Write out all of the entries that follow, word for word, but skip the pictures.
DATA SHOWN START
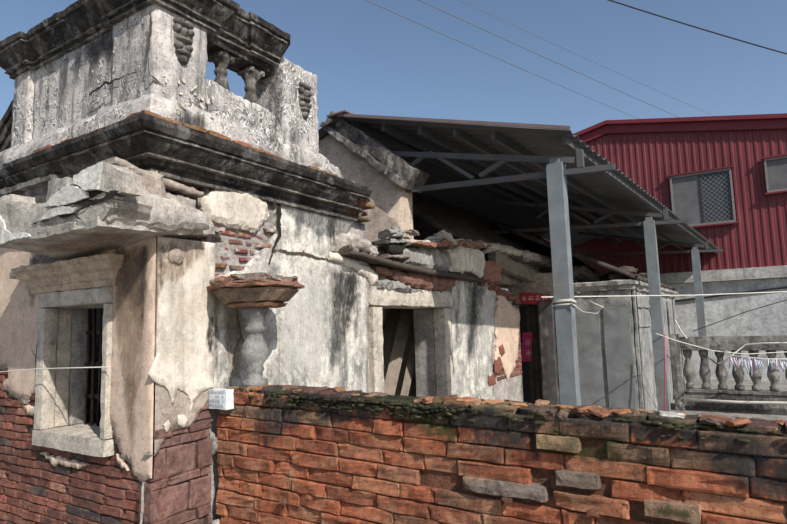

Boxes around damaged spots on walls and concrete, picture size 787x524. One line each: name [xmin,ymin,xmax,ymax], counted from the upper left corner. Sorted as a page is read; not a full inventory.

water stain [60,29,113,90]
crack [89,11,166,95]
spalling [0,162,142,244]
crack [268,203,334,265]
water stain [29,235,147,438]
flaking render [148,221,277,432]
water stain [283,271,361,373]
water stain [457,282,493,357]
flaking render [477,282,523,386]
flaking render [0,368,169,524]
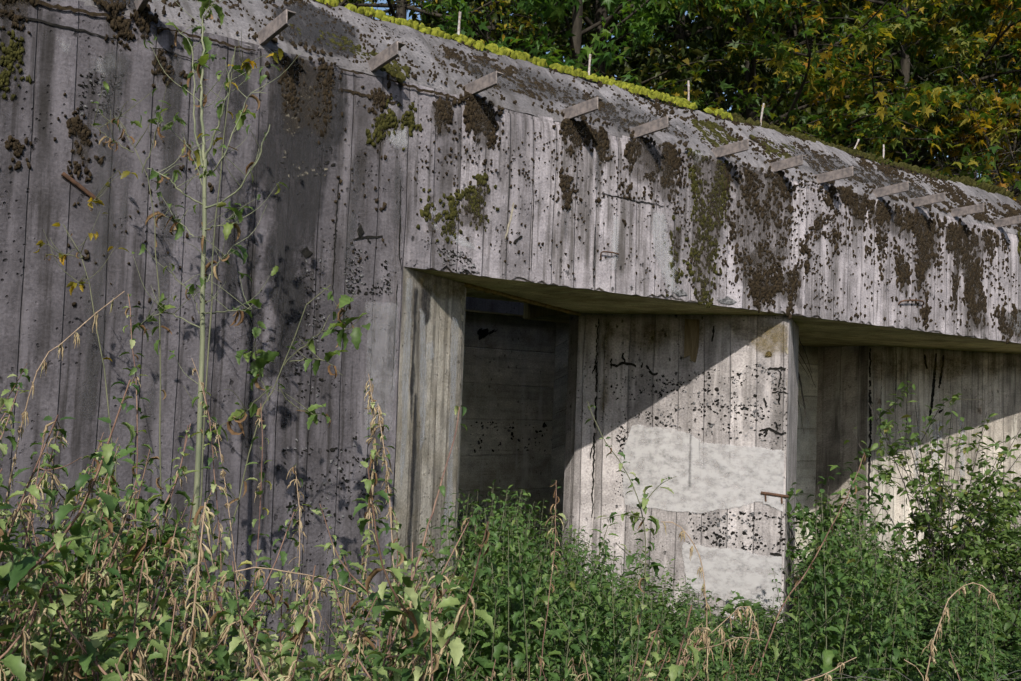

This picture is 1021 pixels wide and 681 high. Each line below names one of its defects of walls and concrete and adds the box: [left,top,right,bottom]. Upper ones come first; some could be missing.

damp [273,3,358,57]
damp [229,56,249,138]
damp [222,179,245,314]
damp [253,50,347,416]
damp [239,385,260,453]
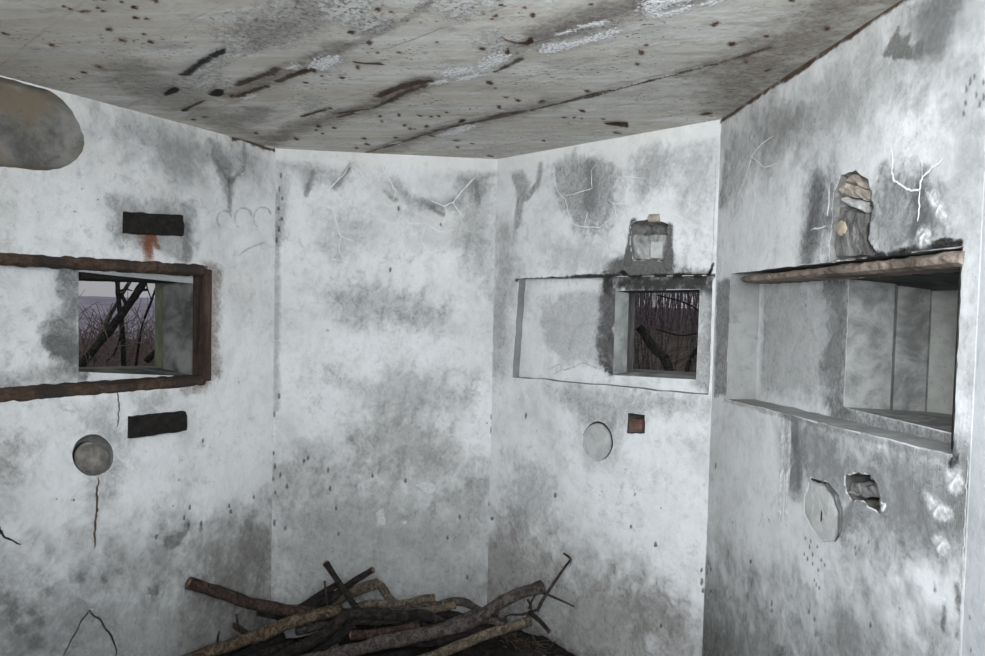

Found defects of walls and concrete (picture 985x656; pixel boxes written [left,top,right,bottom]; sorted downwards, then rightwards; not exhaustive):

water stain [533,0,723,56]
water stain [284,55,345,71]
corrosion [143,235,159,262]
spalling [630,214,668,261]
spalling [830,170,875,262]
crack [826,148,963,263]
crack [0,527,21,545]
crack [92,478,100,548]
spalling [845,472,888,513]
crack [63,610,117,656]
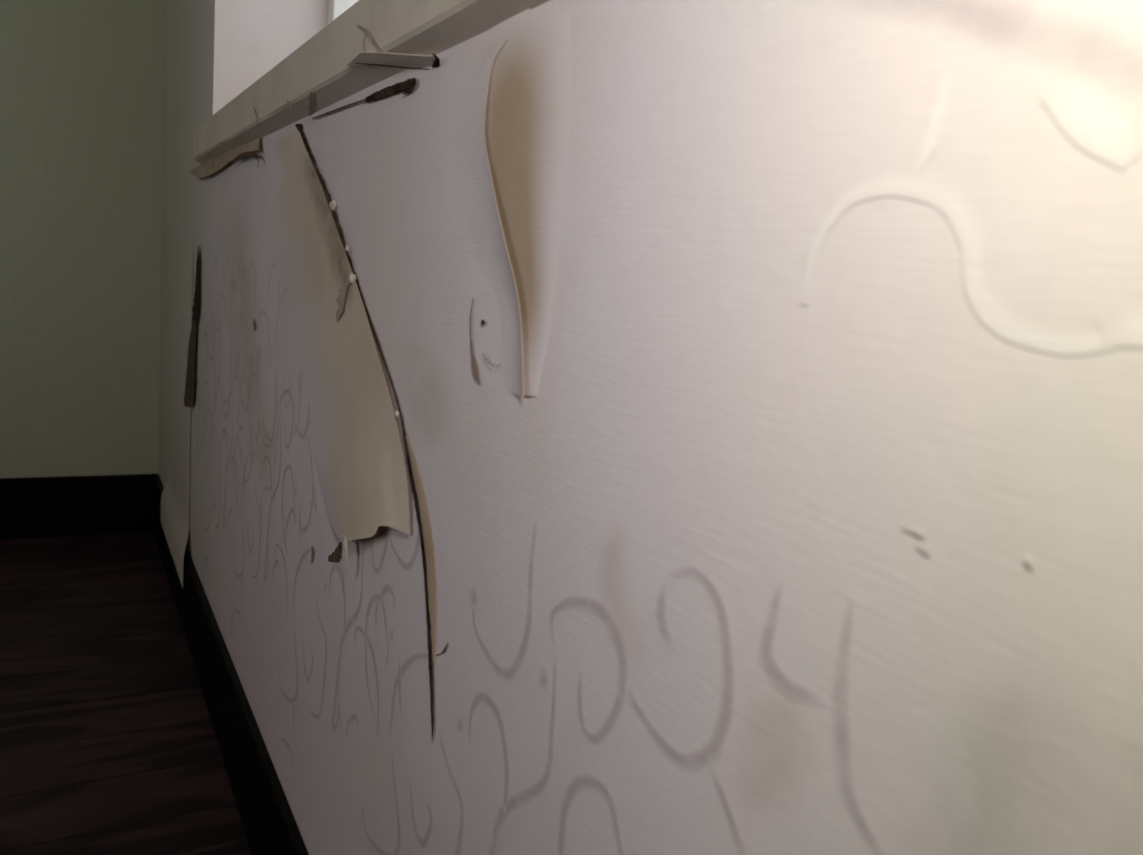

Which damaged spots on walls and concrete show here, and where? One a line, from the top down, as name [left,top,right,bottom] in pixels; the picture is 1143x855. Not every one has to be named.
DATA SHOWN END
# [SOLUTION FOR THIS EXERCISE]
Boxes around damaged spots on walls and concrete, picture size 787x524. One line each: name [xmin,ymin,xmax,ymax], counted from the upper left corner. Sorted as a page is read; not a full inventory.

water stain [60,29,113,90]
crack [89,11,166,95]
spalling [0,162,142,244]
crack [268,203,334,265]
water stain [29,235,147,438]
flaking render [148,221,277,432]
water stain [283,271,361,373]
water stain [457,282,493,357]
flaking render [477,282,523,386]
flaking render [0,368,169,524]

This picture is 1021 pixels wide and 681 high. Each line below names one of its defects of walls and concrete and adds the box: [left,top,right,bottom]. Upper ones come first; some could be missing.

damp [273,3,358,57]
damp [229,56,249,138]
damp [222,179,245,314]
damp [253,50,347,416]
damp [239,385,260,453]

Found defects of walls and concrete (picture 985x656; pixel boxes written [left,top,right,bottom]; sorted downwards, then rightwards; not exhaustive):

water stain [533,0,723,56]
water stain [284,55,345,71]
corrosion [143,235,159,262]
spalling [630,214,668,261]
spalling [830,170,875,262]
crack [826,148,963,263]
crack [0,527,21,545]
crack [92,478,100,548]
spalling [845,472,888,513]
crack [63,610,117,656]

Which damaged spots on walls and concrete show here, and where? One a line, from the top down, as name [left,top,right,bottom] in pixels; the picture is 1143x855. Not every one has to be named.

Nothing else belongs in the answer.